Combinando a idéia de estabelecer a vez dos processos entrarem em suas regiões críticas, com a da variável de travamento e com a de uma variável de tensão, um matemático holandês, T. Dekker, foi o primeiro a criar uma solução em software para o problema da exclusão mútua (1965). Em 1981, G. L. Petersen descobriu uma forma muito mais simples que a de Dekker de se obter exclusão mútua.

Antes de usar as variáveis compartilhadas (ou seja, antes de entrar na sua região crítica), cada processo deve chamar enter_region, com seu próprio número, 0 ou 1, como parâmetro. Esta chamada vai fazer com que o processo espere, se necessário, até que seja seguro entrar na região crítica. Quando ele terminar a execução da região crítica, deve chamar leave_region, permitindo a entrada do outro processo na região crítica, se for o caso.
Vamos ver como esta solução funciona. Inicialmente, nenhum processo está executando sua região crítica. Em seguida, o processo 0 chama enter_region. Ele indica seu interesse em executar a região crítica, setando seu elemento do vetor interested, e fazendo turn igual a 0. Uma vez que o processo 1 não está interessado na execução de sua região crítica, ele sai imediatamente do procedimento enter_region.
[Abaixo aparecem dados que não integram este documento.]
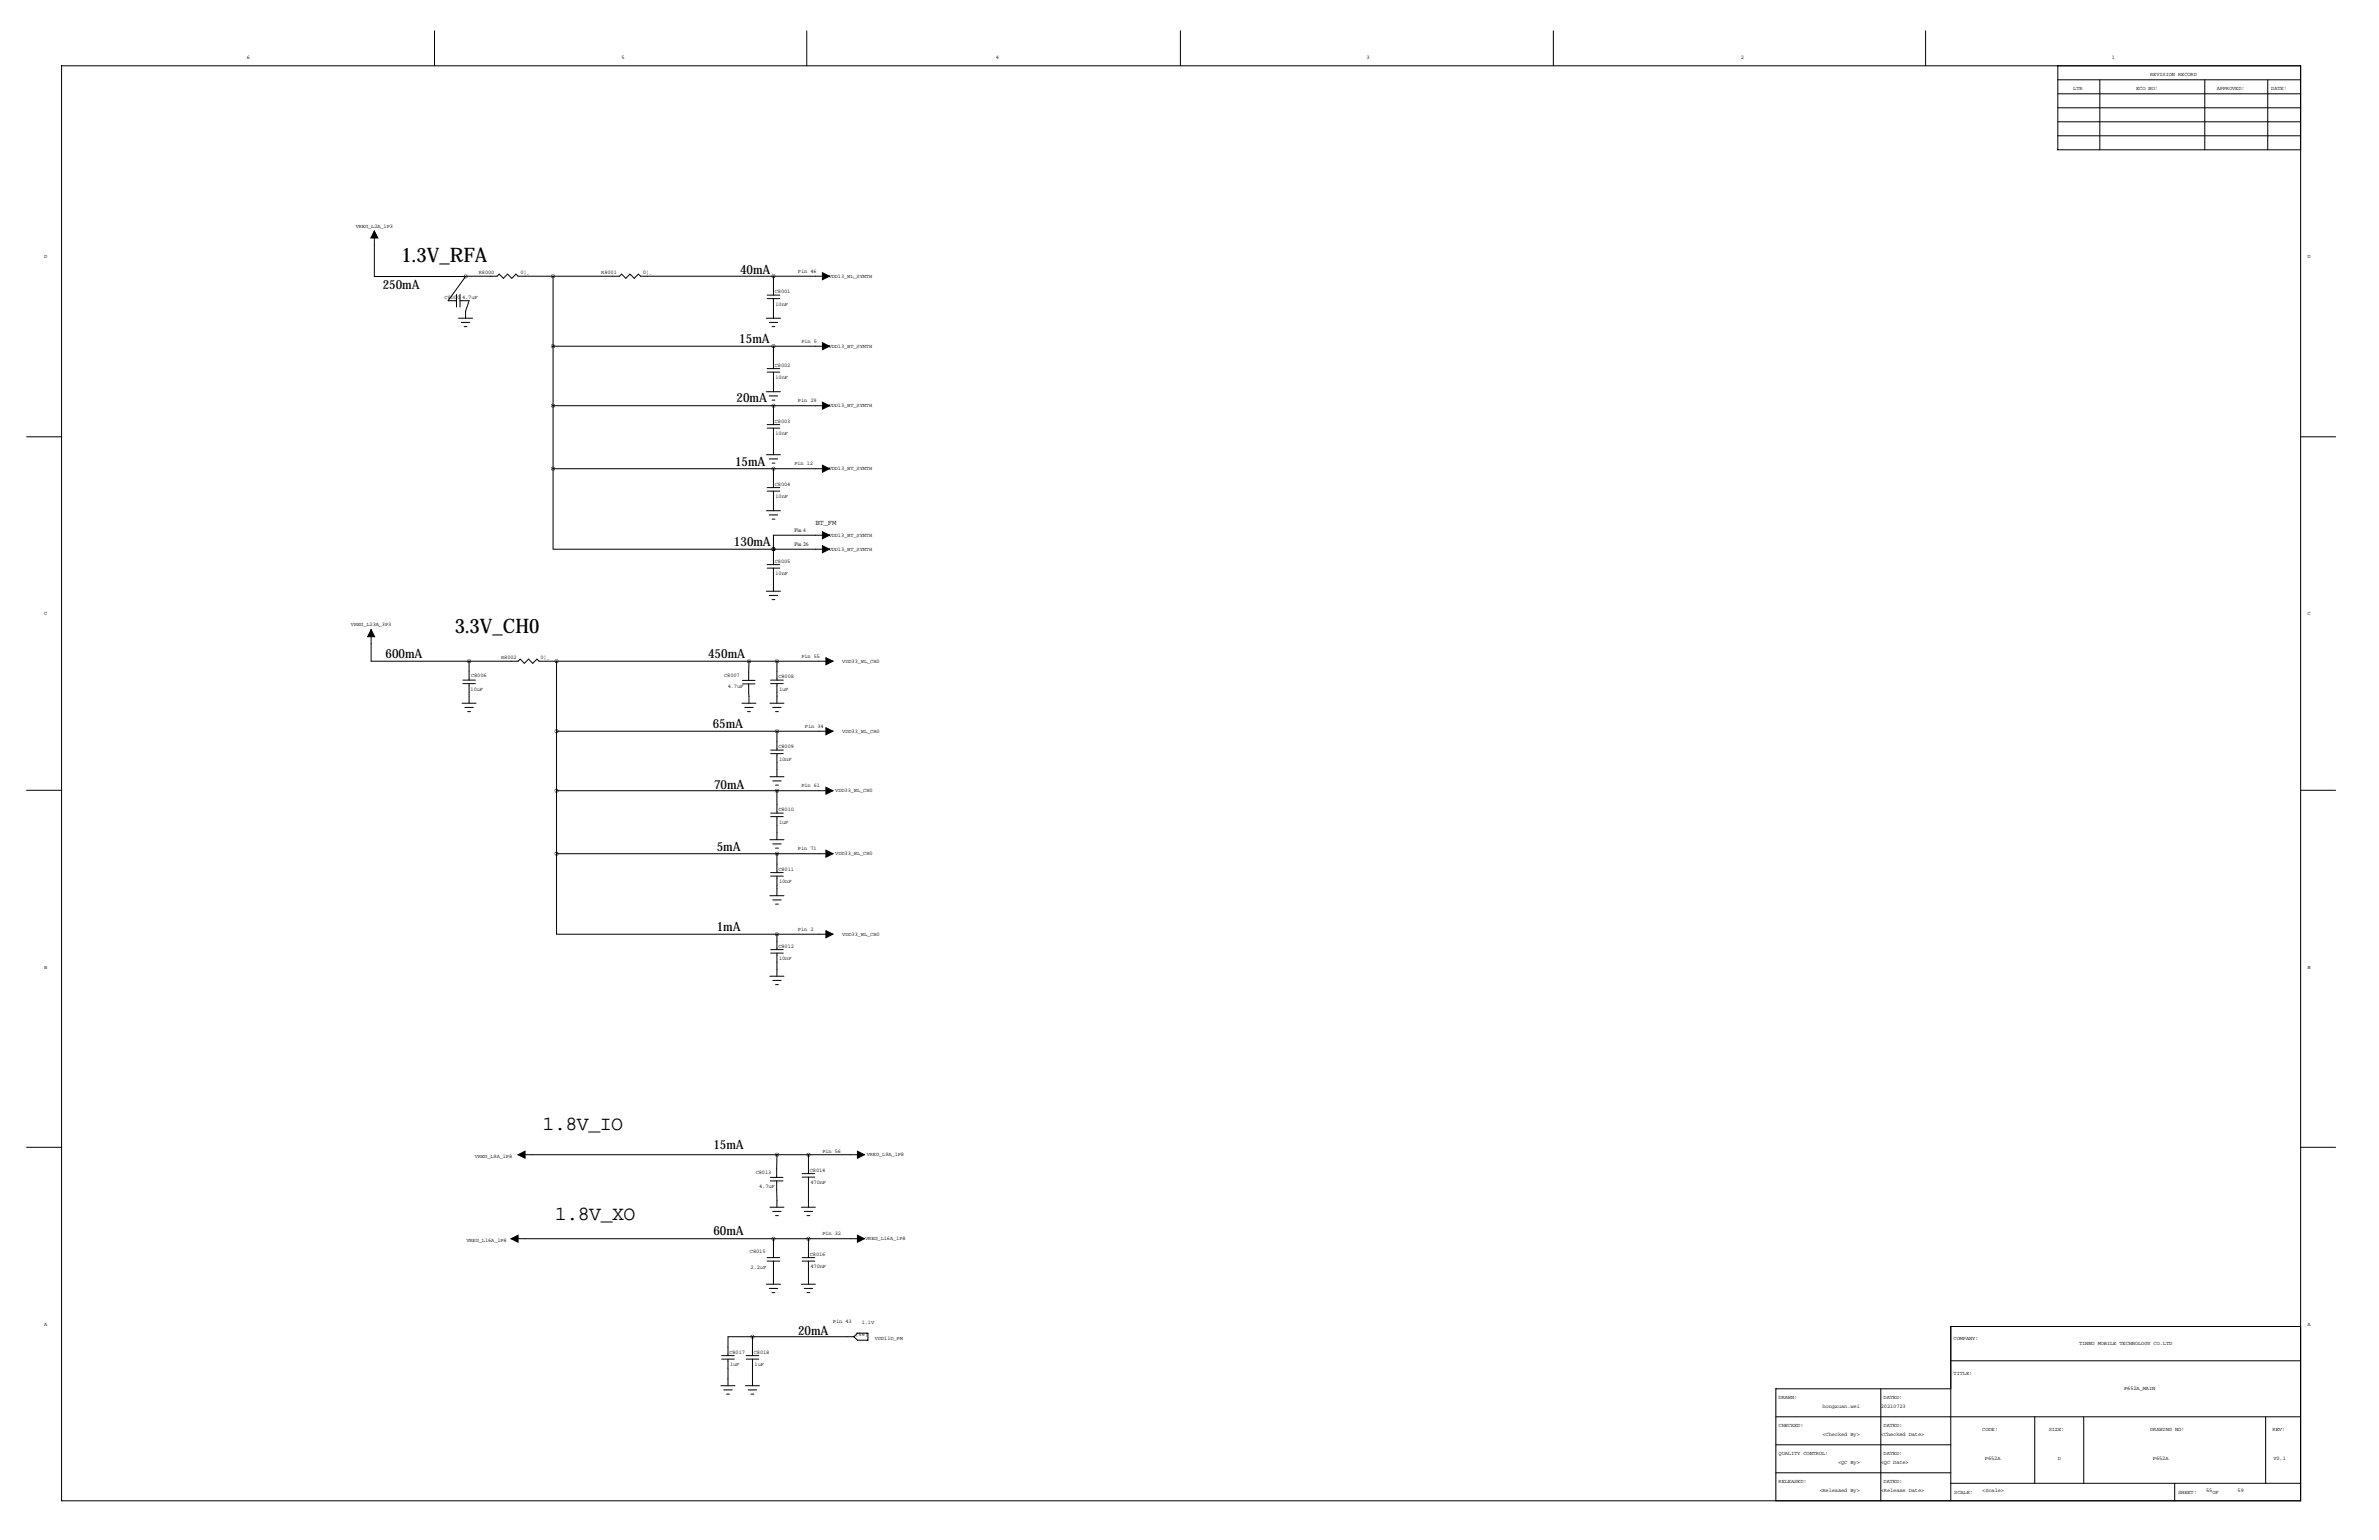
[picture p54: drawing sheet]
<svg xmlns="http://www.w3.org/2000/svg" width="864mm" height="559mm" viewBox="0 0 864 559" stroke-linecap="round" stroke-linejoin="round" font-family="sans-serif">
<defs><g id="words">
<g font-size="7.3">
<text x="145.8" y="95">1.3V_RFA</text>
<text x="165.1" y="229.6">3.3V_CH0</text>
<text x="197" y="410.1">1.8V_IO</text>
<text x="201.5" y="442.6">1.8V_XO</text>
</g>
<g font-size="4.6">
<text x="268.6" y="99.5">40mA</text>
<text x="138.9" y="104.8">250mA</text>
<text x="268.4" y="124.6">15mA</text>
<text x="267.4" y="146">20mA</text>
<text x="266.9" y="169.1">15mA</text>
<text x="266.4" y="198">130mA</text>
<text x="139.9" y="238.7">600mA</text>
<text x="257" y="238.7">450mA</text>
<text x="258.7" y="264.3">65mA</text>
<text x="259.2" y="286.2">70mA</text>
<text x="260.2" y="308.8">5mA</text>
<text x="260.2" y="338">1mA</text>
<text x="259" y="417">15mA</text>
<text x="259" y="448.2">60mA</text>
<text x="289.7" y="484.3">20mA</text>
</g>
<text font-size="2.6" x="296" y="190.4">BT_FM</text>
<g font-size="2">
<text x="89.7" y="21.3">6</text>
<text x="225.6" y="21.3">5</text>
<text x="361.4" y="21.3">4</text>
<text x="496.1" y="21.3">3</text>
<text x="632" y="21.3">2</text>
<text x="766.6" y="21.3">1</text>
<text x="780.5" y="27.7">REVISION RECORD</text>
<text x="752.6" y="32.8">LTR</text>
<text x="775.5" y="32.8">ECO NO:</text>
<text x="804.7" y="32.8">APPROVED:</text>
<text x="824.5" y="32.8">DATE:</text>
<text x="129.1" y="82.6">VREG_L2A_1P3</text>
<text x="16" y="93.7">D</text>
<text x="837.7" y="93.7">D</text>
<text x="173.8" y="99.5">R8000</text>
<text x="188.9" y="99.5">0¦¸</text>
<text x="218.3" y="99.5">R8001</text>
<text x="233.4" y="99.5">0¦¸</text>
<text x="289.7" y="99">Pin 46</text>
<text x="300.8" y="100.8">VDD13_WL_SYNTH</text>
<text x="281.3" y="106.3">C8001</text>
<text x="161.4" y="108.4">C8000</text>
<text x="167.7" y="108.4">4.7uF</text>
<text x="281.5" y="110.9">10nF</text>
<text x="290.9" y="124.4">Pin 5</text>
<text x="300.8" y="126.2">VDD13_BT_SYNTH</text>
<text x="281.3" y="133">C8002</text>
<text x="281.5" y="137.6">10nF</text>
<text x="289.7" y="145.9">Pin 29</text>
<text x="300.8" y="147.8">VDD13_BT_SYNTH</text>
<text x="281.3" y="153.3">C8003</text>
<text x="281.5" y="157.9">10nF</text>
<text x="288.4" y="168.8">Pin 12</text>
<text x="300.8" y="170.6">VDD13_BT_SYNTH</text>
<text x="281.3" y="176.2">C8004</text>
<text x="281.5" y="180.7">10nF</text>
<text x="288.4" y="192.9">Pin 4</text>
<text x="300.8" y="194.8">VDD13_BT_SYNTH</text>
<text x="288.4" y="198">Pin 26</text>
<text x="300.8" y="199.8">VDD13_BT_SYNTH</text>
<text x="281.3" y="204.1">C8005</text>
<text x="281.5" y="208.7">10nF</text>
<text x="16" y="223.3">C</text>
<text x="127.4" y="227.2">VREG_L23A_3P3</text>
<text x="837.7" y="223.3">C</text>
<text x="181.9" y="239.2">R8002</text>
<text x="196.2" y="239.2">0¦¸</text>
<text x="290.9" y="238.7">Pin 55</text>
<text x="171" y="245.6">C8006</text>
<text x="262.9" y="245.7">C8007</text>
<text x="305.8" y="240.5">VDD33_WL_CH0</text>
<text x="170.9" y="250.6">10uF</text>
<text x="264.2" y="249.5">4.7uF</text>
<text x="282.5" y="246">C8008</text>
<text x="282.8" y="250.6">1uF</text>
<text x="292.2" y="264.1">Pin 34</text>
<text x="305.8" y="265.9">VDD33_WL_CH0</text>
<text x="282.5" y="271.4">C8009</text>
<text x="282.8" y="276">10nF</text>
<text x="290.9" y="285.6">Pin 61</text>
<text x="303.2" y="287.5">VDD33_WL_CH0</text>
<text x="282.5" y="294.3">C8010</text>
<text x="282.8" y="298.9">1uF</text>
<text x="289.7" y="308.5">Pin 71</text>
<text x="303.2" y="310.3">VDD33_WL_CH0</text>
<text x="282.5" y="315.9">C8011</text>
<text x="282.8" y="320.4">10nF</text>
<text x="289.7" y="337.7">Pin 2</text>
<text x="305.8" y="339.5">VDD33_WL_CH0</text>
<text x="282.5" y="343.8">C8012</text>
<text x="16" y="351.5">B</text>
<text x="282.8" y="348.4">10nF</text>
<text x="837.7" y="351.5">B</text>
<text x="298.6" y="418.2">Pin 56</text>
<text x="314.6" y="419.6">VREG_L9A_1P8</text>
<text x="172.4" y="420.3">VREG_L9A_1P8</text>
<text x="294" y="425.1">C8014</text>
<text x="274.3" y="426">C8013</text>
<text x="275.6" y="431.1">4.7uF</text>
<text x="294.2" y="429.7">470nF</text>
<text x="298.6" y="448.2">Pin 32</text>
<text x="169.3" y="450.7">VREG_L16A_1P8</text>
<text x="272.2" y="454.8">C8015</text>
<text x="294" y="455.6">C8016</text>
<text x="314.1" y="450">VREG_L16A_1P8</text>
<text x="272.5" y="460.3">2.2uF</text>
<text x="294.2" y="460.1">470nF</text>
<text x="302.4" y="480">Pin 43</text>
<text x="16" y="481.1">A</text>
<text x="310.6" y="484.9">[56]</text>
<text x="312.8" y="480.5">1.1V</text>
<text x="837.7" y="481.1">A</text>
<text x="264.8" y="491.1">C8017</text>
<text x="273.7" y="491.1">C8018</text>
<text x="317.6" y="486.3">VDD11D_PM</text>
<text x="709.2" y="486.2">COMPANY:</text>
<text x="754.7" y="488">TINNO MOBILE TECHNOLOGY CO.LTD</text>
<text x="265" y="495.7">1uF</text>
<text x="273.9" y="495.7">1uF</text>
<text x="709.2" y="498.9">TITLE:</text>
<text x="645.7" y="507.7">DRAWN:</text>
<text x="683.8" y="507.7">DATED:</text>
<text x="771.1" y="504.5">P652A_MAIN</text>
<text x="661.6" y="510.8">hongxuan.wei</text>
<text x="682.8" y="510.8">20210723</text>
<text x="645.7" y="517.9">CHECKED:</text>
<text x="661.6" y="521">&lt;Checked By&gt;</text>
<text x="682.8" y="521">&lt;Checked Date&gt;</text>
<text x="683.8" y="517.9">DATED:</text>
<text x="719.6" y="519.2">CODE:</text>
<text x="743.7" y="519.2">SIZE:</text>
<text x="780.5" y="519.2">DRAWING NO:</text>
<text x="825" y="519.2">REV:</text>
<text x="645.7" y="528.1">QUALITY CONTROL:</text>
<text x="667.2" y="531.2">&lt;QC By&gt;</text>
<text x="682.8" y="531.2">&lt;QC Date&gt;</text>
<text x="683.8" y="528.1">DATED:</text>
<text x="720.6" y="529.9">P652A</text>
<text x="747" y="529.9">D</text>
<text x="781.5" y="529.9">P652A</text>
<text x="825.3" y="529.9">V0.1</text>
<text x="645.7" y="538.2">RELEASED:</text>
<text x="683.8" y="538.2">DATED:</text>
<text x="660.5" y="541.3">&lt;Released By&gt;</text>
<text x="682.8" y="541.3">&lt;Release Date&gt;</text>
<text x="709.4" y="542">SCALE:</text>
<text x="719.6" y="541.3">&lt;Scale&gt;</text>
<text x="790.7" y="542">SHEET:</text>
<text x="800.9" y="541.3">55</text>
<text x="803.1" y="542">OF</text>
<text x="812.3" y="541.3">59</text>
</g>
</g></defs>
<g fill="none" stroke="#000" stroke-width=".36">
<path d="M157.7 11.2v12.7M292.9 11.2v12.7M428.5 11.2v12.7M563.9 11.2v12.7M699 11.2v12.7M22.4 23.9h812.8v520.7h-812.8zM747 39.1h88.2M747 34h88.2M747 29h88.2M747 23.9v30.5h88.2M762.3 29v25.4M800.4 29v25.4"/>
<path d="M823.2 29v25.4M747 49.3h88.2M747 44.2h88.2M135.9 83.8v16.5h33.1M165.7 106.8v4.6M166.5 115.5h5.1M167 106.8v4.6M167 109.1h3.3l-1.3 3.8v2.6M167.5 117h3M168.5 118.5h1M169 100.3l-6.3 8.8h3M200.8 100.2v69.9"/>
<path d="M278.2 115.5h5.1M278.5 108.4h4.6M278.5 107.1h4.6M279.2 117h3.1M280.3 118.5h1M280.8 100.2v6.9M280.8 108.4v7.1M301.1 100.2h-68.6l-.8-.7-1.5 1.5-1.5-1.5-1.5 1.5-1.5-1.5-.8 .7h-36.8l-.8-.7-1.5 1.5-1.5-1.5-1.6 1.5-1.5-1.5-.8 .7-11.4 .1M200.8 125.6h100.3M278.5 135h4.6M278.5 133.8h4.6M280.8 125.6v8.2"/>
<path d="M280.8 135v7.1M9.7 158.5h12.7M200.8 147.2h100.3M278.2 142.1h5.1M278.5 155.3h4.6M278.5 154.1h4.6M279.2 143.7h3.1M280.3 145.2h1M280.8 147.2v6.9M280.8 155.3v9.7M835.2 158.5h12.7M200.8 170.1v29.2h80"/>
<path d="M200.8 170.1h100.3M278.2 165h5.1M278.5 178.2h4.6M278.5 176.9h4.6M279.2 166.5h3.1M280.3 168h1M280.8 170.1v6.8M280.8 178.2v7.1M278.2 185.3h5.1M279.2 186.8h3.1M280.3 188.4h1M280.8 199.3h.1"/>
<path d="M280.8 199.3v5.6M301.1 194.2h-20.3v5.1M301.1 199.3h-20.3M278.2 214.5h5.1M278.5 206.1h4.6M278.5 204.9h4.6M279.2 216.1h3.1M280.3 217.6h1M280.8 206.1v8.4M134.7 228.5v11.4h35.6M170.3 239.9v6.9M202 239.9v69.9"/>
<path d="M271.9 239.9l-.1 7M282 239.9v6.9M302.4 239.9h-106.7l-.8-.7-1.5 1.5-1.5-1.5-1.6 1.5-1.5-1.5-.7 .7h-17.8M167.7 255.2h5.1M168 248.1h4.6M168 246.8h4.6M168.8 256.7h3M169.8 258.2h1M170.3 248.1v7.1M269.3 255.2h5.1M269.5 248.2h4.6M269.5 246.9h4.6"/>
<path d="M270.4 256.7h3M271.4 258.2h1M271.8 248.2l.1 7M279.5 255.2h5.1M279.8 248.1h4.5M279.8 246.8h4.5M280.5 256.7h3.1M281.5 258.2h1M282 248.1v7.1M202 265.3h100.4M279.8 273.5h4.5M279.8 272.2h4.5"/>
<path d="M282 273.5v8.3M282 265.3v6.9M9.7 286.8h12.7M202 286.9h100.4M279.5 281.8h5.1M279.8 296.3h4.5M279.8 295h4.5M280.5 283.4h3.1M281.5 284.9h1M282 296.3v8.4M282 286.9v8.1M835.2 286.8h12.7"/>
<path d="M202 309.8v29.2h80M279.5 304.7h5.1M279.8 317.9h4.5M279.8 316.6h4.5M280.5 306.2h3.1M281.5 307.7h1M282 317.9v7.1M282 309.8v6.8M302.4 309.8h-100.4M279.5 325h5.1M280.5 326.5h3.1M281.5 328.1h1"/>
<path d="M282 339v5.6M282 339h20.4M279.5 354.2h5.1M279.8 345.8h4.5M279.8 344.6h4.5M280.5 355.8h3.1M281.5 357.3h1M282 345.8v8.4M9.7 416.3h12.7M188.1 419h125.7M282 419l-.1 8.2M293.5 419v6.9"/>
<path d="M835.2 416.3h12.7M279.5 438h5.1M279.7 428.5h4.5M279.7 427.2h4.5M280.5 439.6h3.1M281.9 428.5l.1 9.5M290.9 438h5.1M291.2 427.1h4.6M291.2 425.9h4.6M291.9 439.6h3.1M293.5 427.1v10.9M185.5 449.5h128.3"/>
<path d="M278.5 457.6h4.6M278.5 456.3h4.6M280.8 449.5v6.8M280.8 457.6v8.4M281.5 441.1h1M291.2 457.6h4.6M291.2 456.3h4.6M293 441.1h1M293.5 449.5v6.8M293.5 457.6v8.4M278.2 466h5.1M279.2 467.5h3.1"/>
<path d="M280.3 469h1M290.9 466h5.1M291.9 467.5h3.1M293 469h1M262 493.2h4.5M262 491.9h4.5M264.3 493.2v9.6M270.9 493.2h4.5M270.9 491.9h4.5M273.2 485h-8.9v6.9M273.2 485v6.9M273.2 485h36.8"/>
<path d="M273.2 493.2v9.6M310 485l1.3-1.2h3.8v2.5h-3.8zM708.2 493.8h127M835.2 481.3h-127v63.3M261.7 502.8h5.1M262.7 504.3h3.1M263.8 505.9h1M270.6 502.8h5.1M271.6 504.3h3.1M272.6 505.9h1.1M644.7 514.1h190.5M682.8 503.9v40.7"/>
<path d="M708.2 503.9h-63.5v40.7M738.6 514.1v24.1M756.4 514.1v24.1M822.5 514.1v24.1M644.7 534.4h63.5M644.7 524.3h63.5M708.2 538.2h127M789.4 538.2v6.4"/>
</g>
<g fill="#000" stroke="#000" stroke-width=".36">
<path d="M135.9 83.8l1.3 2.6h-2.6zM298.6 99l2.5 1.2-2.5 1.3zM298.6 124.4l2.5 1.2-2.5 1.3zM298.6 145.9l2.5 1.3-2.5 1.3zM298.6 168.8l2.5 1.3-2.5 1.2zM298.6 198l2.5 1.3-2.5 1.3zM298.6 192.9l2.5 1.3-2.5 1.3zM134.7 228.5l1.3 2.5h-2.5zM299.8 238.7l2.6 1.2-2.6 1.3zM299.8 264.1l2.6 1.2-2.6 1.3zM299.8 285.6l2.6 1.3-2.6 1.3zM299.8 308.5l2.6 1.3-2.6 1.2z"/>
<path d="M299.8 337.7l2.6 1.3-2.6 1.3zM188.1 419l2.5-1.3v2.6zM311.3 417.7l2.5 1.3-2.5 1.3zM185.5 449.5l2.6-1.3v2.5zM311.3 448.2l2.5 1.3-2.5 1.2z"/>
</g>
<path d="M280.7 100.2a.05 .05 0 0 0 .1 0 .05 .05 0 0 0-.1 0zM280.7 125.6a.05 .05 0 0 0 .1 0 .05 .05 0 0 0-.1 0zM200.7 125.6a.05 .05 0 0 0 .1 0 .05 .05 0 0 0-.1 0zM280.7 147.2a.05 .05 0 0 0 .1 0 .05 .05 0 0 0-.1 0zM200.7 147.2a.05 .05 0 0 0 .1 0 .05 .05 0 0 0-.1 0zM200.7 170.1a.05 .05 0 0 0 .1 0 .05 .05 0 0 0-.1 0zM280.7 199.3a.05 .05 0 0 0 .1 0 .05 .05 0 0 0-.1 0zM293.4 449.5a.05 .05 0 0 0 .1 0 .05 .05 0 0 0-.1 0zM293.4 419a.05 .05 0 0 0 .1 0 .05 .05 0 0 0-.1 0zM280.7 170.1a.05 .05 0 0 0 .1 0 .05 .05 0 0 0-.1 0zM280.7 199.3a.05 .05 0 0 0 .1 0 .05 .05 0 0 0-.1 0zM282 239.9a.05 .05 0 0 0 .1 0 .05 .05 0 0 0-.1 0zM202 239.9a.05 .05 0 0 0 .1 0 .05 .05 0 0 0-.1 0zM282 265.3a.05 .05 0 0 0 .1 0 .05 .05 0 0 0-.1 0zM202 265.3a.05 .05 0 0 0 .1 0 .05 .05 0 0 0-.1 0zM282 286.9a.05 .05 0 0 0 .1 0 .05 .05 0 0 0-.1 0zM202 286.9a.05 .05 0 0 0 .1 0 .05 .05 0 0 0-.1 0zM202 309.8a.05 .05 0 0 0 .1 0 .05 .05 0 0 0-.1 0zM282 339a.05 .05 0 0 0 .1 0 .05 .05 0 0 0-.1 0zM170.2 239.9a.05 .05 0 0 0 .1 0 .05 .05 0 0 0-.1 0zM282 309.8a.05 .05 0 0 0 .1 0 .05 .05 0 0 0-.1 0zM271.8 239.9a.05 .05 0 0 0 .1 0 .05 .05 0 0 0-.1 0zM273.1 485a.05 .05 0 0 0 .1 0 .05 .05 0 0 0-.1 0zM200.7 100.2a.05 .05 0 0 0 .1 0 .05 .05 0 0 0-.1 0zM282 419a.05 .05 0 0 0 .1 0 .05 .05 0 0 0-.1 0zM280.7 449.5a.05 .05 0 0 0 .1 0 .05 .05 0 0 0-.1 0zM169 100.3a.05 .05 0 0 0 .1 0 .05 .05 0 0 0-.1 0z" fill="#000" stroke="#000" stroke-width="1.3"/>
<use href="#words"/>
</svg>

Se o processo 1 chamar enter_region, ele vai ficar preso nesta rotina até que interested [0] seja FALSO, o que só ocorrerá quando o processo 0 chamar leave_region.

Agora considere o caso de ambos os processos chamarem enter_region quase simultaneamente. Ambos vão armazenar seus números em turn. O armazenamento que for feito por último será o que vai valer, sendo o primeiro perdido. Suponha que o processo 1 armazene por último, de maneira que turn será 1. Quando ambos os processos executarem o comando while, o processo 0 vai executá-lo zero vezes, e entrar em sua região crítica. O processo 1 fica em loop no while, não chegando a executar sua região crítica.
Vamos examinar uma proposta que precisa de uma pequena ajuda do hardware. Muitos computadores, especialmente aqueles projetados com o propósito de suportar múltiplos processadores, possuem uma instrução básica, denominada TEST AND SET LOCKED (TSL) que funciona como descrito a seguir.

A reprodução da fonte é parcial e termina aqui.